Artists’ Relationships To Each Other Explored in New Exhibitions

The relationship of British artists to their counterparts across the English Channel will be explored in the exhibition “Varieties of Romantic Experience: Drawings from the Collection of Charles Ryskamp,” which opens on Thursday, Feb. 4, at the Yale Center for British Art. It will be on view through April 25.

The show includes over 200 works on paper — about half by British artists and the rest from French, German, Danish and Dutch artists — acquired over the course of 50 years by Charles Ryskamp (M.A. ‘51, Ph.D. ‘56), professor emeritus at Princeton University and director emeritus of the Pierpont Morgan Library and the Frick Collection in New York.

“Despite the very different circumstances in which artists across Europe were working and the diverse modes of representation they employed, they shared common concerns and frequently explored similar themes,” note the exhibition organizers, Ryskamp and Matthew Hargraves, assistant curator for collections research at the museum.

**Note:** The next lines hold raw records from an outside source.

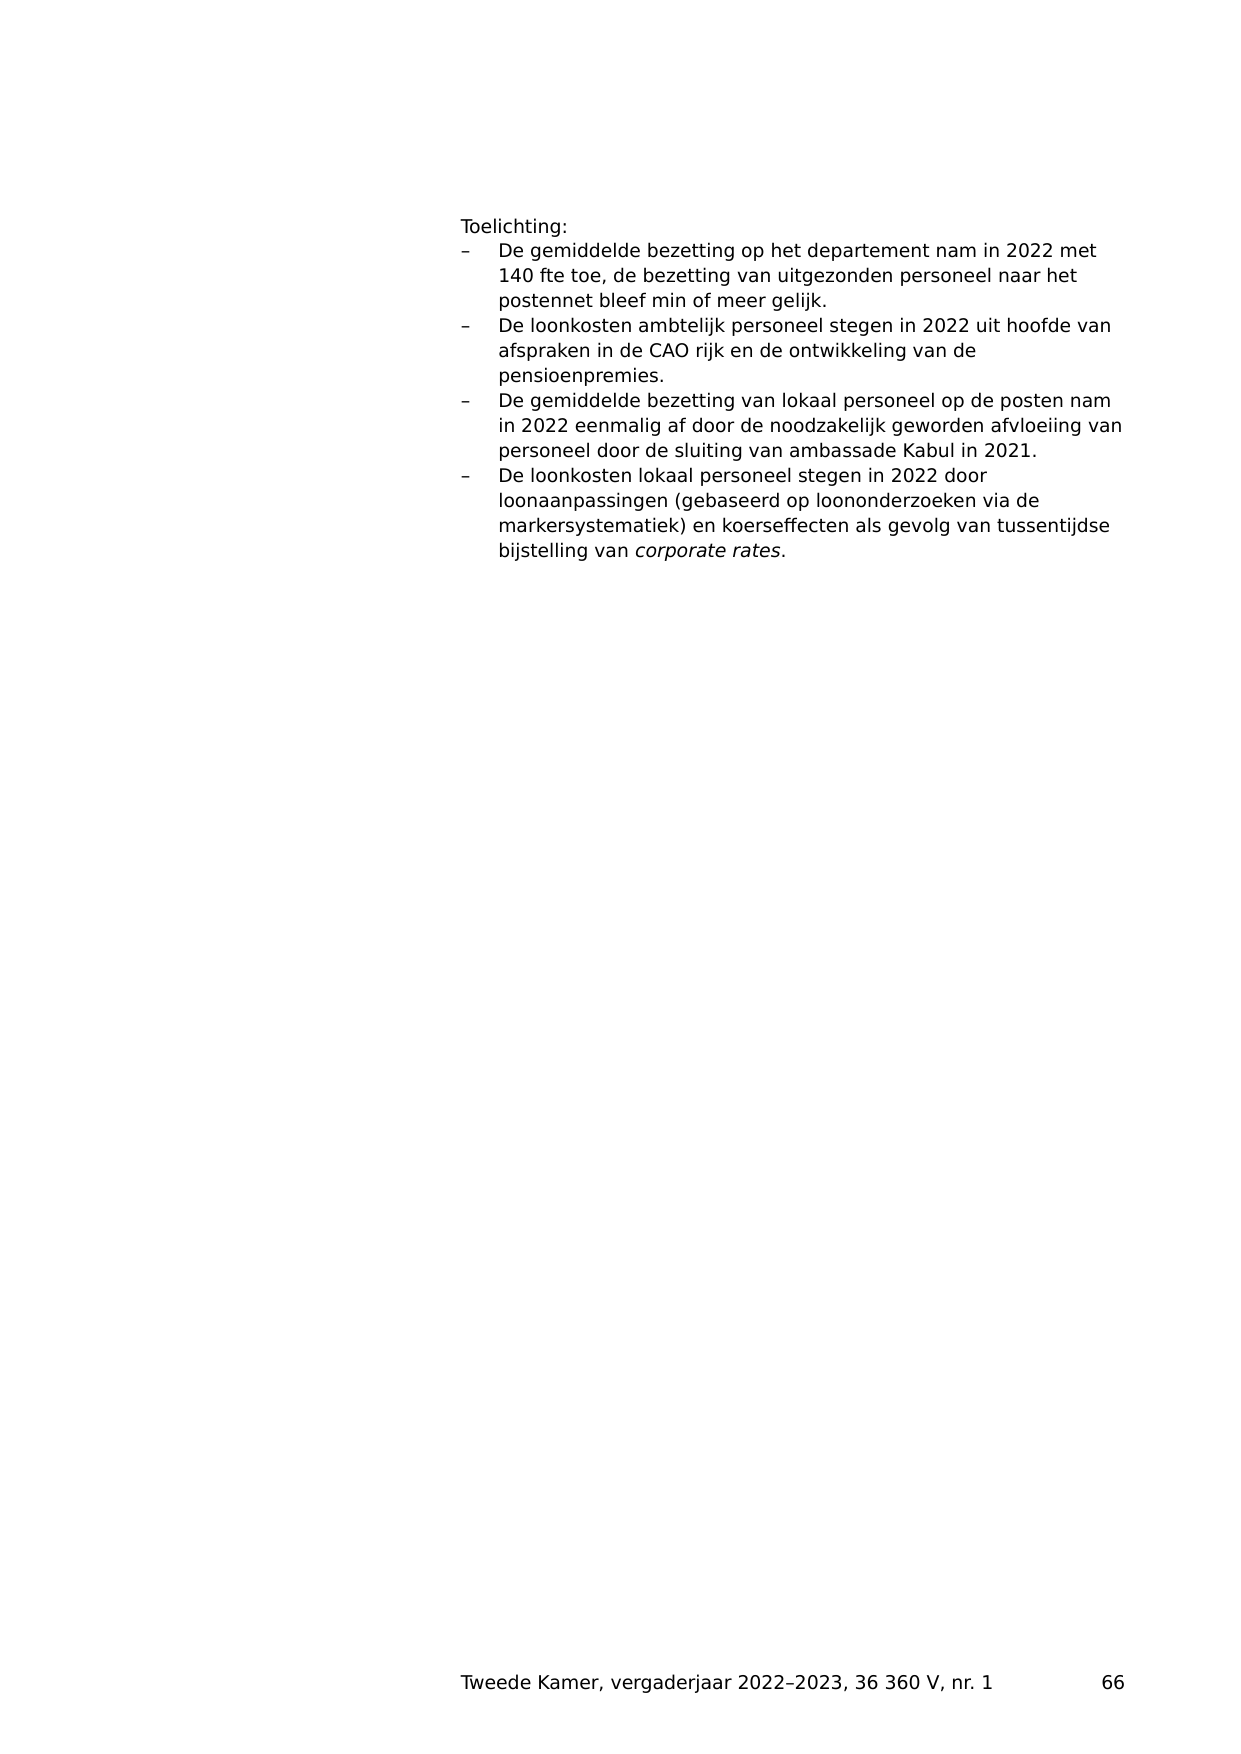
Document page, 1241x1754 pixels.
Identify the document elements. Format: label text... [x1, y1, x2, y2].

list De loonkosten lokaal personeel stegen in 2022 door loonaanpassingen (gebaseerd op loononderzoeken via de markersystematiek) en koerseffecten als gevolg van tussentijdse bijstelling van corporate rates. [461, 463, 1125, 563]
list De gemiddelde bezetting op het departement nam in 2022 met 140 fte toe, de bezetting van uitgezonden personeel naar het postennet bleef min of meer gelijk. [461, 238, 1125, 313]
list De loonkosten ambtelijk personeel stegen in 2022 uit hoofde van afspraken in de CAO rijk en de ontwikkeling van de pensioenpremies. [461, 313, 1125, 388]
list De gemiddelde bezetting van lokaal personeel op de posten nam in 2022 eenmalig af door de noodzakelijk geworden afvloeiing van personeel door de sluiting van ambassade Kabul in 2021. [461, 388, 1125, 463]
text Toelichting: [461, 216, 1125, 238]
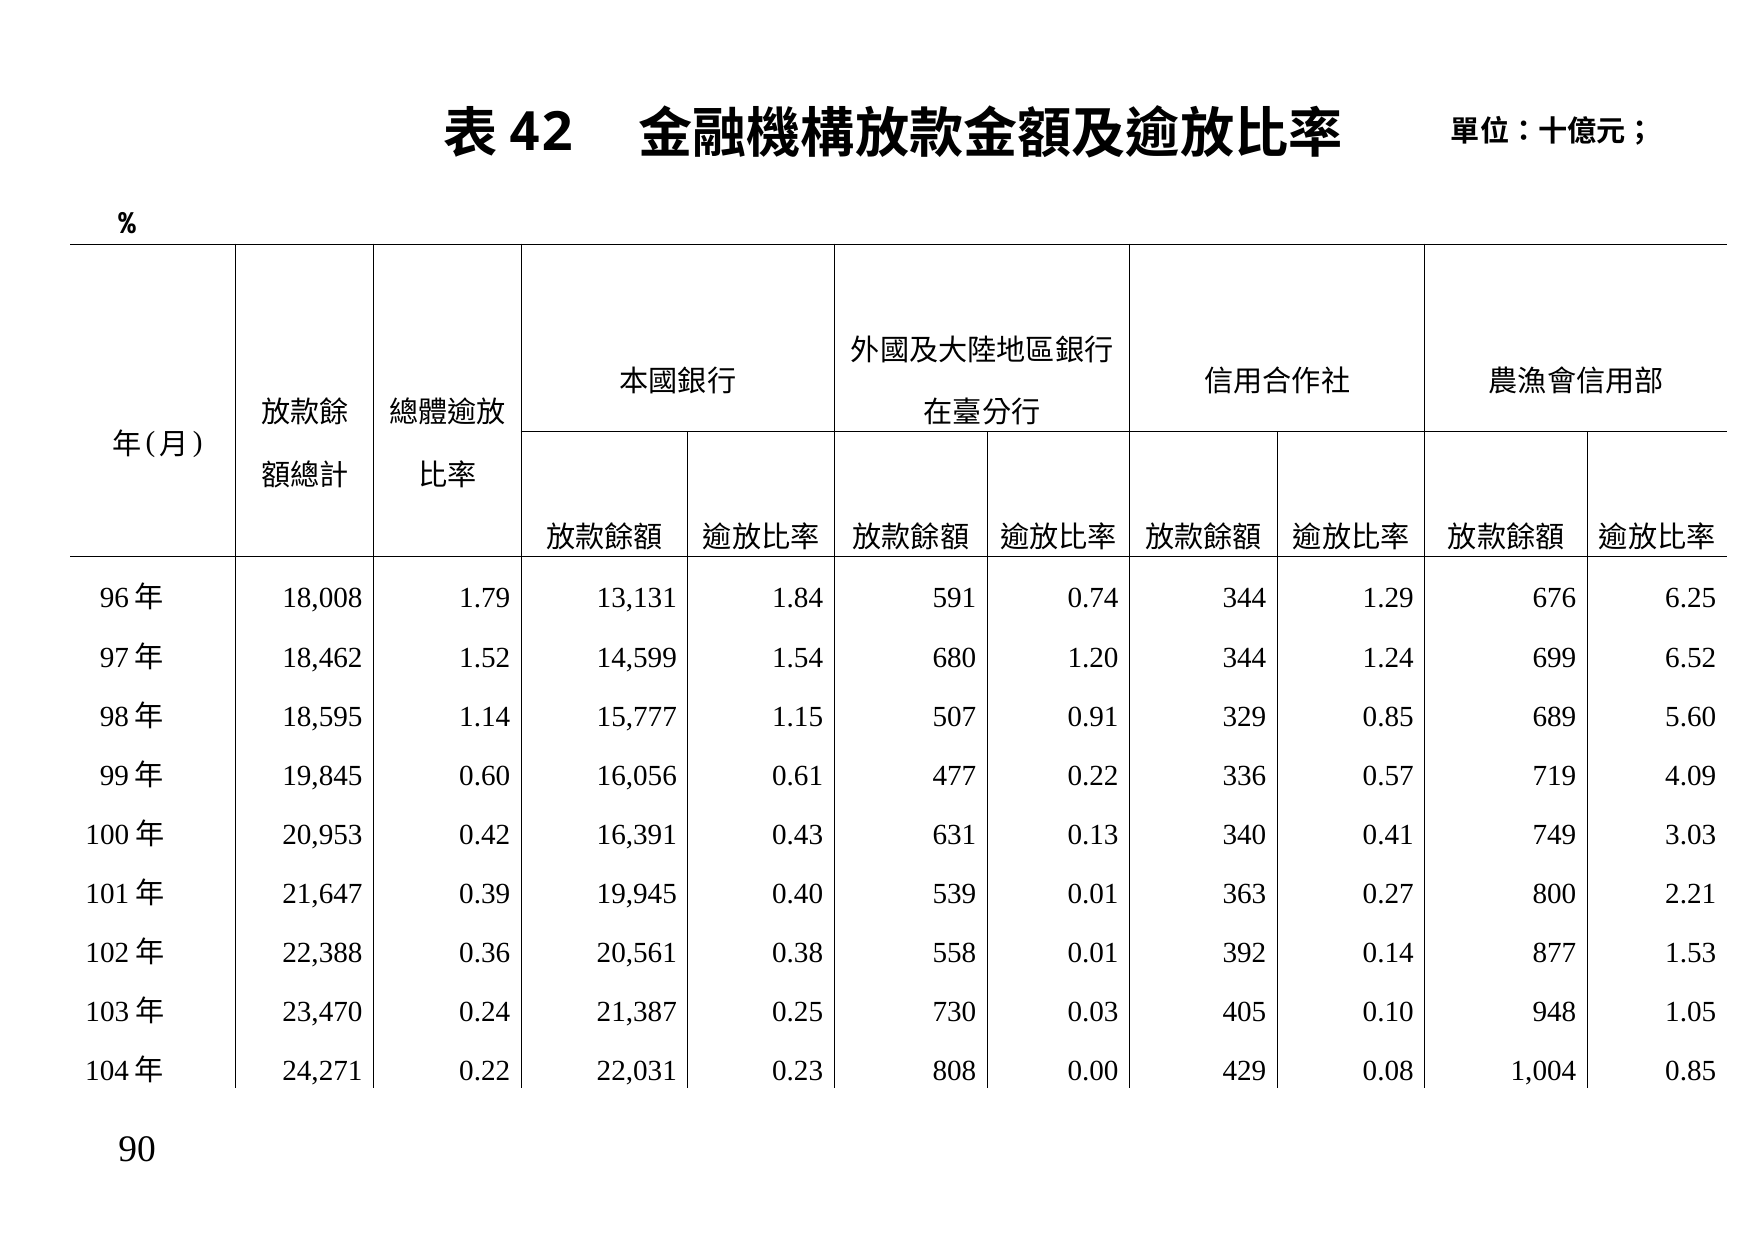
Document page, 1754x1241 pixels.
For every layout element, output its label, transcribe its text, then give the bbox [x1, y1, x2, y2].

The exhibition (and accompanying book) will focus on Romanticism’s exploration of two themes in particular: nature and the imagination. The featured artists will include J.M.W. Turner, Cornelius Varley, William Blake, Henry Fuseli, Caspar David Friedrich, Camille Corot, Eugène Delacroix and Edgar Degas.

Student Guide Exhibition

Also opening on Feb. 4 is “John Flaxman Modeling the Bust of William Hayley,” the first of two displays created by student tour guides at the museum as part of “Art in Focus,” a program that introduces the undergraduates into every aspect of organizing an exhibit.

The portrait at the center of the exhibition, which continues through May 20, was created by George Romney in 1795. It depicts John Flaxman sculpting a bust of the poet William Hayley with assistance from Thomas Alphonso Hayley, Flaxman’s apprentice and Haley’s son. The exhibition uses the painting as a jumping-off point to explore the four artists’ relationships to their media and to each other.